Carter appointed vice chancellor for innovation, chief commercialization officer

Dedric Carter, vice chancellor for operations and technology transfer, has been appointed as Washington University in St. Louis’ first vice chancellor for innovation and chief commercialization officer (CCO). The appointment is effective Aug. 1, according to Chancellor Andrew D. Martin, PhD, and David H. Perlmutter, MD, executive vice chancellor for medical affairs and dean of the School of Medicine.

Dedric Carter, Washington University in St. Louis’ first vice chancellor for innovation and chief commercialization officer (CCO)

In his new role, Carter will provide vision and strategy to advance the culture of innovation across the university, strengthen intellectual property assets for licensing, and identify new ventures and opportunities in the entrepreneurial ecosystem. He will engage with internal and external partners to build and grow the innovation activities in all departments and schools. 

“Our goal is to elevate the entrepreneurial impact of the university on the economy of the region and beyond,” Martin said. “As CCO, Dedric will have oversight of the Office of Technology Management in addition to many of our existing entrepreneurial programs. We are fortunate to have a leader of his caliber to step into this critical role for the university.”

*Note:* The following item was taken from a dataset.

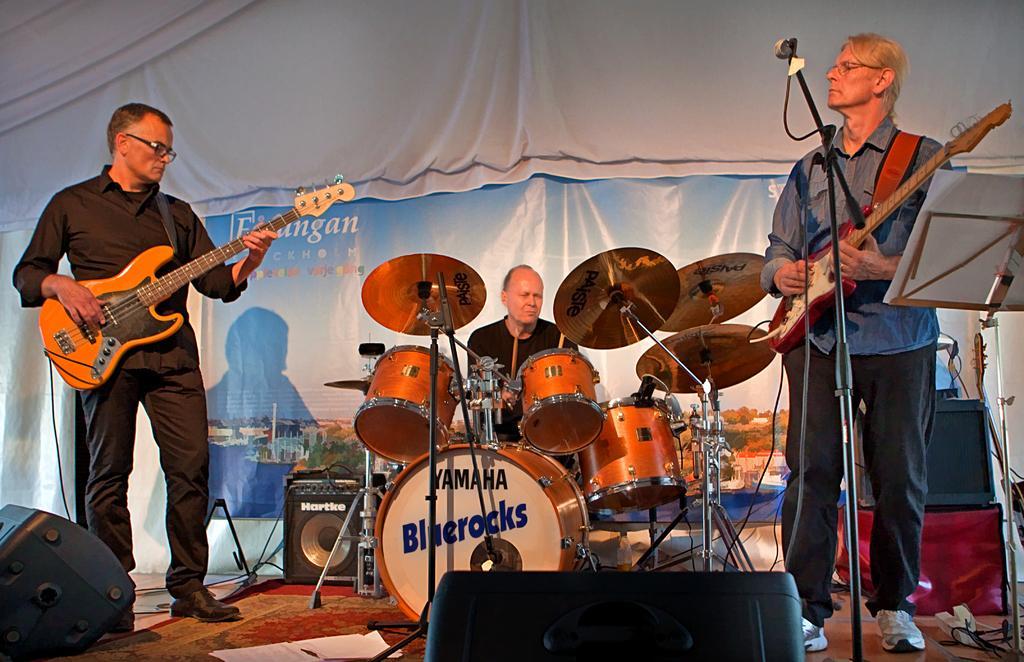Can you describe this image briefly? As we can see in the image there is a cloth, banner, three people over here and the man on the left and right side are holding guitars in their hands and the man is playing musical drums.

“There has been wonderful growth in entrepreneurial activities at the university over the last seven years, and in this new role Dedric will be leading our effort to create even greater impact through the commercialization of the intellectual accomplishments of the university,” Perlmutter said. “Dedric will be reporting to me in my capacity as executive vice chancellor, with the goal of developing portfolios in all of the schools. We have already been able to provide significant additional funding for the work of the Office of Technology Management for education and training in entrepreneurship, increasing networking and new partnerships with key stakeholders and industry collaborators, as well as increased capacity for licensing and patenting.”